The encoding processing of the reference data block to obtain an encoded reference data block and encoding strategy data associated with the encoded reference data block includes:

determining a data block which can be referred to by the reference data block when the data coding is carried out from the reference reconstructed video frame based on the prediction mode of the video frame i, and taking the determined data block which can be referred to by the reference data block when the data coding is carried out as a target reference data block;

performing quantization transformation processing on the residual data information to obtain a quantization transformation coefficient associated with the reference data block;

when the reference data block associated with the prediction mode association information and the quantized transform coefficient is taken as the encoded reference data block, the prediction mode association information and the quantized transform coefficient associated with the reference data block are taken as encoding strategy data associated with the encoded reference data block.
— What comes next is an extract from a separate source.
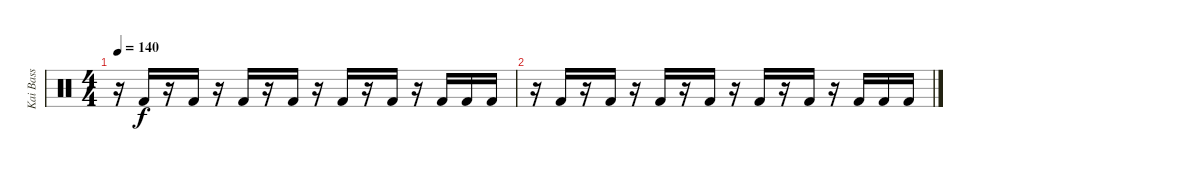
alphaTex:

8. The method of claim 1, wherein said determining encoded filtered data associated with said encoded reference data block from said encoded reference data block and said pre-decoded data block comprises:

encoded filtered data associated with the encoded reference data block is determined by the associated difference information.

9. The method of claim 8, wherein said determining associated difference information between the pre-decoded data block and the encoded reference data block comprises:

determining autocorrelation information of the pre-decoded data block, and cross-correlation information between the pre-decoded data block and the encoded reference data block;

and using the autocorrelation information and the cross-correlation information as associated difference information between the pre-decoded data block and the encoded reference data block.
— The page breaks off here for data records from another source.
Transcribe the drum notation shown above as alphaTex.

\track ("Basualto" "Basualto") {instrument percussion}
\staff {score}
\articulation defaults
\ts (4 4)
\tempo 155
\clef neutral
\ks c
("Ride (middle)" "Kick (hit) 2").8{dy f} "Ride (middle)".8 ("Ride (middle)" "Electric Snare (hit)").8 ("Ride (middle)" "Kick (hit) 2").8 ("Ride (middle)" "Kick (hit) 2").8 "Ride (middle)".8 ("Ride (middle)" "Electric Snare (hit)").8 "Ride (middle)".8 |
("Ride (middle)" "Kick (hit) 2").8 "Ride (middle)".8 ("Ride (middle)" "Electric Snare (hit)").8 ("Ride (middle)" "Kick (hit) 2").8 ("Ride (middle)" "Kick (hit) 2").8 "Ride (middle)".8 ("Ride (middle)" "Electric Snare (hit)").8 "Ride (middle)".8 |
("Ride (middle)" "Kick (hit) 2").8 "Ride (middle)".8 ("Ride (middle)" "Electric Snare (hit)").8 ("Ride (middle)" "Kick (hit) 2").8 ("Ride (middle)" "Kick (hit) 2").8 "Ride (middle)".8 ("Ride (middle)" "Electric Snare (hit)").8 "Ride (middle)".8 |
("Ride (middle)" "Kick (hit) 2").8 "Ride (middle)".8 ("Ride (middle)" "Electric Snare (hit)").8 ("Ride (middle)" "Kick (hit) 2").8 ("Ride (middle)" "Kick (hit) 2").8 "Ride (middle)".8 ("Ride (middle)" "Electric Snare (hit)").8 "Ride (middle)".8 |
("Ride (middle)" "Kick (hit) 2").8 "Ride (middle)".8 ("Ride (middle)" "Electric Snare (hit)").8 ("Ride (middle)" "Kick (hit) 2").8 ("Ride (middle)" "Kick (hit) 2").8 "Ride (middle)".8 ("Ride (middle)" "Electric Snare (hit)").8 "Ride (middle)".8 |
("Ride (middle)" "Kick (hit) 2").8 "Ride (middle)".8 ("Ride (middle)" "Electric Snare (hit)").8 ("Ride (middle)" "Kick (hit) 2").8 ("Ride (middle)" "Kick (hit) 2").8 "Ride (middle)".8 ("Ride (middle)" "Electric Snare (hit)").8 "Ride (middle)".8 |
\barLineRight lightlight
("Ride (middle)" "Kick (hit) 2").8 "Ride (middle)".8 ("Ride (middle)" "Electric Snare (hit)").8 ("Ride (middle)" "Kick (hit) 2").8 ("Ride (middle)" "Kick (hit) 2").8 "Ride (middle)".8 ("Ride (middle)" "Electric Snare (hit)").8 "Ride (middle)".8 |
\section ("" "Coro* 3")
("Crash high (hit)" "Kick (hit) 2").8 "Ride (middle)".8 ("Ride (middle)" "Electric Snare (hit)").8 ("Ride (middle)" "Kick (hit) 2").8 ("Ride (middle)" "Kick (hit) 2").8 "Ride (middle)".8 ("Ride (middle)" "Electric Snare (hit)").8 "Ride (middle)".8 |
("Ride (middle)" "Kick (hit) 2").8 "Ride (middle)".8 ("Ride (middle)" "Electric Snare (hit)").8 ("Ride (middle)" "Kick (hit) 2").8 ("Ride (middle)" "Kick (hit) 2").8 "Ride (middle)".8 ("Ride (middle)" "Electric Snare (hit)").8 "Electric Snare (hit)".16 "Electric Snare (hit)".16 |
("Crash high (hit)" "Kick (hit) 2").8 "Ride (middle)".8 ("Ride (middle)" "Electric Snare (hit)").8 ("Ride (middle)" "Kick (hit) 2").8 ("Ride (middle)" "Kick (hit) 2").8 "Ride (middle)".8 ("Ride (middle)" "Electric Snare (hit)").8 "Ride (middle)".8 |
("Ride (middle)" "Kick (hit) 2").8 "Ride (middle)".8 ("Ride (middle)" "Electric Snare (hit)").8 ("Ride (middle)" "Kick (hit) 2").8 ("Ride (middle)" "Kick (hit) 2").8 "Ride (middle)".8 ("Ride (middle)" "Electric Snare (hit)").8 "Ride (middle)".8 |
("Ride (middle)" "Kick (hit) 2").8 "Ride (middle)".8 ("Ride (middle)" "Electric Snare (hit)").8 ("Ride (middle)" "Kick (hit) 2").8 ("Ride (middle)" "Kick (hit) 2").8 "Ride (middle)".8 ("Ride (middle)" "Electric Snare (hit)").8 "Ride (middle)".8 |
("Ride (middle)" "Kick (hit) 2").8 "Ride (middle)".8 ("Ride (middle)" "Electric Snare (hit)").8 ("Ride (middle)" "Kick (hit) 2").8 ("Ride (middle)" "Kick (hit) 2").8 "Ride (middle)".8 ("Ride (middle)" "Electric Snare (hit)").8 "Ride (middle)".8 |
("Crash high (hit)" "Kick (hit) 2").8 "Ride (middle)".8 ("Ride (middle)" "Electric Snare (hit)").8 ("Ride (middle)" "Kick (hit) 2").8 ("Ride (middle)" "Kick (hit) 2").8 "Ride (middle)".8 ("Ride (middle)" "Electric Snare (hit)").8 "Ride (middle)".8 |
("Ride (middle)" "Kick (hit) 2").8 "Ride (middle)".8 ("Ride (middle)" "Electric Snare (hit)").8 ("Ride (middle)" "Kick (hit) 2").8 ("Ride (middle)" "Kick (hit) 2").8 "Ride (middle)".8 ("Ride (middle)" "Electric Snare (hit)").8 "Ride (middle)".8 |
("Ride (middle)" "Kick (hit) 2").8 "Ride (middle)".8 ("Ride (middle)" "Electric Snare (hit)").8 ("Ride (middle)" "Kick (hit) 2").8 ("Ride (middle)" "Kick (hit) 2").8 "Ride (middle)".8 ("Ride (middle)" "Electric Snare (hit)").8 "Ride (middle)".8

10. The method of claim 1, wherein the target video comprises N video frames; n is a positive integer greater than 1; the video frame to be processed is a video frame i in the N video frames; i is a positive integer less than or equal to N; the video frame positioned before the video frame i in the N video frames is an encoded video frame; the reconstruction data buffer associated with the target video is used for buffering a pre-reconstructed video frame corresponding to the encoded video frame; the pre-decoding data block corresponding to the data block j is a pre-decoding data block j;

The method further comprises the steps of:

performing frame pre-reconstruction on the video frame i through the pre-reconstruction data block to obtain a pre-reconstructed video frame corresponding to the video frame i;

and adding the pre-reconstructed video frame corresponding to the video frame i to the reconstructed data buffer.
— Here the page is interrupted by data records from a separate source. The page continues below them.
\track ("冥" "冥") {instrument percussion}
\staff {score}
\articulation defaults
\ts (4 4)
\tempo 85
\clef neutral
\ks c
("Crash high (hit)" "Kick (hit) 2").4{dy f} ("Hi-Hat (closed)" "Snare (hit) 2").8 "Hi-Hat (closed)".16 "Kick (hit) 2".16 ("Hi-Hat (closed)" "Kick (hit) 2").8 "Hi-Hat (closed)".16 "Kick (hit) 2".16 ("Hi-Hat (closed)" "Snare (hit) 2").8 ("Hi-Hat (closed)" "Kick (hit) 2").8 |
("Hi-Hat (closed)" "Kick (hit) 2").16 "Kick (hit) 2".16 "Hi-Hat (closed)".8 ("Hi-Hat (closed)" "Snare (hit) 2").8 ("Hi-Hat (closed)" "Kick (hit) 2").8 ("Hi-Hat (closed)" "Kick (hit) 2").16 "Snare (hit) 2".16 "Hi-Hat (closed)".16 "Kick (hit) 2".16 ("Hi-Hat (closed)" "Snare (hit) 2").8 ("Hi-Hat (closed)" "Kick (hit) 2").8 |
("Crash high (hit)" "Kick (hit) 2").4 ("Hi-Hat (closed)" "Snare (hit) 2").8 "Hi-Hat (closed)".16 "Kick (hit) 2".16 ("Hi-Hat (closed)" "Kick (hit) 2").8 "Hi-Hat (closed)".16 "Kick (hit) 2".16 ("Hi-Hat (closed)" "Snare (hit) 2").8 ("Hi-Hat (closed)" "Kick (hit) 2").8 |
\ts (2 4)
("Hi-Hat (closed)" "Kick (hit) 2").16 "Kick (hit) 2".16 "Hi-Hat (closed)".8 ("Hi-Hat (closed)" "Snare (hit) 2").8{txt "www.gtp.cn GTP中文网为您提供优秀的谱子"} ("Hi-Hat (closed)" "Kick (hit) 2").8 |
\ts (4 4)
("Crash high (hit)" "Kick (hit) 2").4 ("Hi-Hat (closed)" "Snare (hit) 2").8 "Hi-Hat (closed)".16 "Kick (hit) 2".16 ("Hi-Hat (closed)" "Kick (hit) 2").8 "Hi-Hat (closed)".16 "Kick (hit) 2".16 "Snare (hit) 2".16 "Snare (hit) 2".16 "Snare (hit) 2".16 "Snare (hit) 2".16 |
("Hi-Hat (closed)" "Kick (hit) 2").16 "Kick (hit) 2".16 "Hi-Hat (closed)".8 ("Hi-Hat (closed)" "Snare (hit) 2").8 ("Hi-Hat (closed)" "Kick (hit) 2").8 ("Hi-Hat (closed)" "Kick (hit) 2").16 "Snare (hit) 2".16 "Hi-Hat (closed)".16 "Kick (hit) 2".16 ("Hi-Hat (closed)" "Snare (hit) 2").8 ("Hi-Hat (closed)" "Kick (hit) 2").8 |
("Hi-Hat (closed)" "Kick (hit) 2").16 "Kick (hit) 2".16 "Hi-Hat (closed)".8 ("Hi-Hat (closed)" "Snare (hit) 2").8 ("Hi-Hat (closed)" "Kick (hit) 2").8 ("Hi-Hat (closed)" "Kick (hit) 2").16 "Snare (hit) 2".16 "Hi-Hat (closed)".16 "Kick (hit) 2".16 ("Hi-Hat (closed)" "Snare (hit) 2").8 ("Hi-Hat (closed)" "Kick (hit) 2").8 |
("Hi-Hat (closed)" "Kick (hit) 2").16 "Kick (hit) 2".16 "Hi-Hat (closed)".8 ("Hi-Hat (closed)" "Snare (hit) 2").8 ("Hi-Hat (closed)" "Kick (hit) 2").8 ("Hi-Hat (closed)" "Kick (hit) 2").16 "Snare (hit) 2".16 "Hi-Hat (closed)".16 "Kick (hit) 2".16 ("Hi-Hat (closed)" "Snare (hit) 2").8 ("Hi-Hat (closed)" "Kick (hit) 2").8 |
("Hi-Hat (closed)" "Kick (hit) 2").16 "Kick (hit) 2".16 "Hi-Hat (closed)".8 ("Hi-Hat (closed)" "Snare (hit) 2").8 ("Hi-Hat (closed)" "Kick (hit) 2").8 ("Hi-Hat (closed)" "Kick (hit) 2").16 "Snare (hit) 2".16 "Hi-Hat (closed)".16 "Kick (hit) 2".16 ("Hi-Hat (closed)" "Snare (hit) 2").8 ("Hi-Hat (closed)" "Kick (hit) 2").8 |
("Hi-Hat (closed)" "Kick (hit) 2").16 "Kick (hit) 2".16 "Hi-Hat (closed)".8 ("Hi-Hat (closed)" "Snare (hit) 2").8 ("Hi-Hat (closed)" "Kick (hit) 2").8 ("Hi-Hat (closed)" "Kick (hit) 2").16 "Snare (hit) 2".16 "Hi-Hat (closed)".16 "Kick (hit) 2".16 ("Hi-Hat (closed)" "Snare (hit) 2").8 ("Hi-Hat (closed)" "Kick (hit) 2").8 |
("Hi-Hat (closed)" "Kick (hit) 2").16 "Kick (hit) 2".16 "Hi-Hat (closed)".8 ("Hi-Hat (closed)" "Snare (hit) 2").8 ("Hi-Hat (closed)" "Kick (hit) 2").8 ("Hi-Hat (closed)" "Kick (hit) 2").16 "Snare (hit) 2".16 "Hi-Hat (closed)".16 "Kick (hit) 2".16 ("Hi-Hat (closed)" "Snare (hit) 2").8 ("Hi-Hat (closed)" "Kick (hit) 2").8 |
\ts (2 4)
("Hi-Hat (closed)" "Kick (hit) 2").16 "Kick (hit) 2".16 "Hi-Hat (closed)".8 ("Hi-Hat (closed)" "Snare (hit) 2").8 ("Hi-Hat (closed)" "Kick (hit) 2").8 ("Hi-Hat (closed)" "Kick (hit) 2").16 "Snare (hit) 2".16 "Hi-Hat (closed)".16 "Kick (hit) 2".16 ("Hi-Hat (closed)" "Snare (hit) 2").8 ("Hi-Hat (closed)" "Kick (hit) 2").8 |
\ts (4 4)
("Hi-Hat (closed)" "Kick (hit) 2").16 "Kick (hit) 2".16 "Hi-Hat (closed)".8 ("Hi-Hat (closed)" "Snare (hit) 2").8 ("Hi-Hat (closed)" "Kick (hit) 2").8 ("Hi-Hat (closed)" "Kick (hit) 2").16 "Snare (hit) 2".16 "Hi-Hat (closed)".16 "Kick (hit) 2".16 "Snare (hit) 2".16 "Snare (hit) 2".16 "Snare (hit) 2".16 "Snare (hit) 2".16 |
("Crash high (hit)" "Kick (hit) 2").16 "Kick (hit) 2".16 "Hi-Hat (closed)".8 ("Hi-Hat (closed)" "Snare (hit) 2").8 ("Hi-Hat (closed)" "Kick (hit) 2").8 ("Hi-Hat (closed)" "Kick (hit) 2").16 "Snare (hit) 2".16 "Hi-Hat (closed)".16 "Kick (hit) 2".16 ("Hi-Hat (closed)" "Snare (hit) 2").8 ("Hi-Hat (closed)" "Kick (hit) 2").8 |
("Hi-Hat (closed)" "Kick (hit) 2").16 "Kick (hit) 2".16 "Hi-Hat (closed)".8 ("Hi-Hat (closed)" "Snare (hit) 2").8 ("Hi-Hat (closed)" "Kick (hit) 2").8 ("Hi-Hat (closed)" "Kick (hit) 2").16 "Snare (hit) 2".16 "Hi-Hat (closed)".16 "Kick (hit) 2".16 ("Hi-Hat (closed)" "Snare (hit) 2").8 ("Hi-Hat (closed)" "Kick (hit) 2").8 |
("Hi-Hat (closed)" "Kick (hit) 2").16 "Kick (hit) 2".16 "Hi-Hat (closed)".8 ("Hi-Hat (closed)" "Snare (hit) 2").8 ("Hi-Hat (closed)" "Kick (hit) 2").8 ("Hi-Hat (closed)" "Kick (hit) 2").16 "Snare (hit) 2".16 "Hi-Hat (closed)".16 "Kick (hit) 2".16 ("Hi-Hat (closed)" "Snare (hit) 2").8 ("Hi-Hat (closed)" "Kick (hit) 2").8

11. A video data processing apparatus, the apparatus comprising:

the data encoding module is further configured to perform pre-decoding processing on the encoded reference data block according to the encoding policy data, so as to obtain a pre-decoded data block corresponding to the data block j;

the data encoding module is further configured to, when encoded filtered data associated with the encoded reference data block is determined by the encoded reference data block and the pre-decoded data block, use encoding policy data associated with the encoded reference data block and encoding filtered data associated with the encoded reference data block as data encoding parameters associated with the data block j;

12. A computer device comprising a memory and a processor;

the memory is connected to the processor, the memory is used for storing a computer program, and the processor is used for calling the computer program to enable the computer device to execute the method of any one of claims 1-10.

13. A computer readable storage medium, characterized in that the computer readable storage medium has stored therein a computer program adapted to be loaded and executed by a processor to cause a computer device having the processor to perform the method of any of claims 1-10.